# Gold Severum



## AKSkirmish (Jun 24, 2005)

Although not my greatest attempts at a Pic......I was happy enough with it to show it....

Let me know what ya think guys and gals...

Thanks

View attachment 187778


----------



## His Majesty (Apr 5, 2005)

beautiful fish AK!

the shot would be even more spectacular if you could get the the fishes tail fanned out. but obviouly that takes alot of skill and patience. but it does make alot of difference.

still a great shot none the less


----------



## AKSkirmish (Jun 24, 2005)

Cheers Buddy-
I appreciate the input greatly-

More to come in the near future...


----------



## JoeDizzleMPLS (Nov 5, 2007)

wow, that is a GOLD severum... very nice fish ak. usually when i see them they are a dingy yellow. nice pic as always man


----------



## AKSkirmish (Jun 24, 2005)

joedizzlempls said:


> wow, that is a GOLD severum... very nice fish ak. usually when i see them they are a dingy yellow. nice pic as always man


Seafood mixes does a body good.....I hear ya on the dingy part as well.....Funny thing is as well-Mine is nothing special either-Just a random strain from LFS.......Nothing that would of or is considered "high" quality......Yet it looks better than most....

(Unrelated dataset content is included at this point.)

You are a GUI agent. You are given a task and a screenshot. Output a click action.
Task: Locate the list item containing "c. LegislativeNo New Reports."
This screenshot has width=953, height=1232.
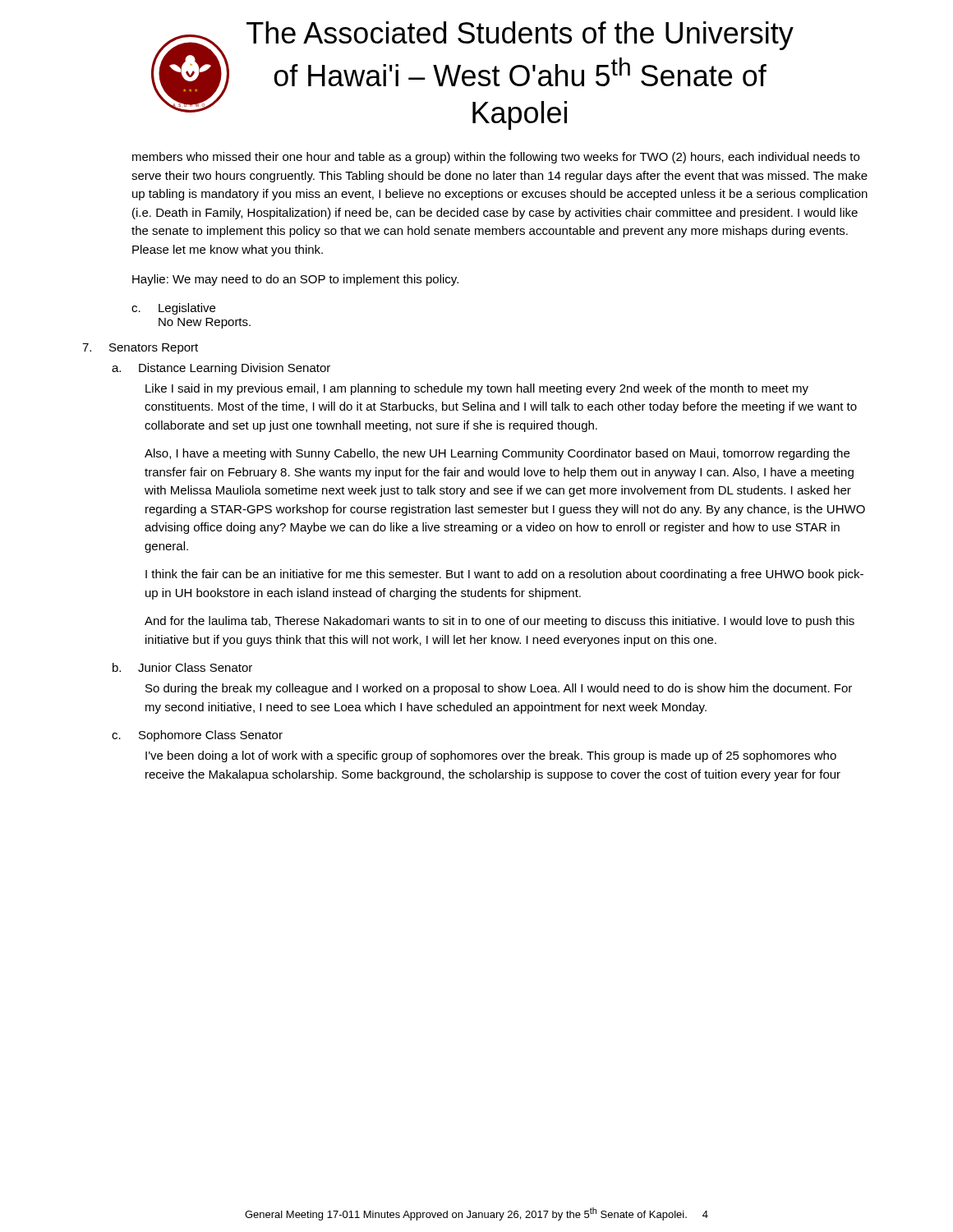pyautogui.click(x=173, y=309)

Thanks for the kind words Joe


----------



## Avatar~God (Oct 21, 2004)

Very good pic/fish man, I love severums alot but you dont see to many around these parts anymore. He has awesome color though


----------



## Ja'eh (Jan 8, 2007)

That's one beautiful cichlid and the pic isn't too shabby either.


----------



## FEEFA (Nov 19, 2007)

Nice looking fish ak.
How big is it?


----------



## AKSkirmish (Jun 24, 2005)

Thanks guys....He is roughly 6 to 7 inch.....


----------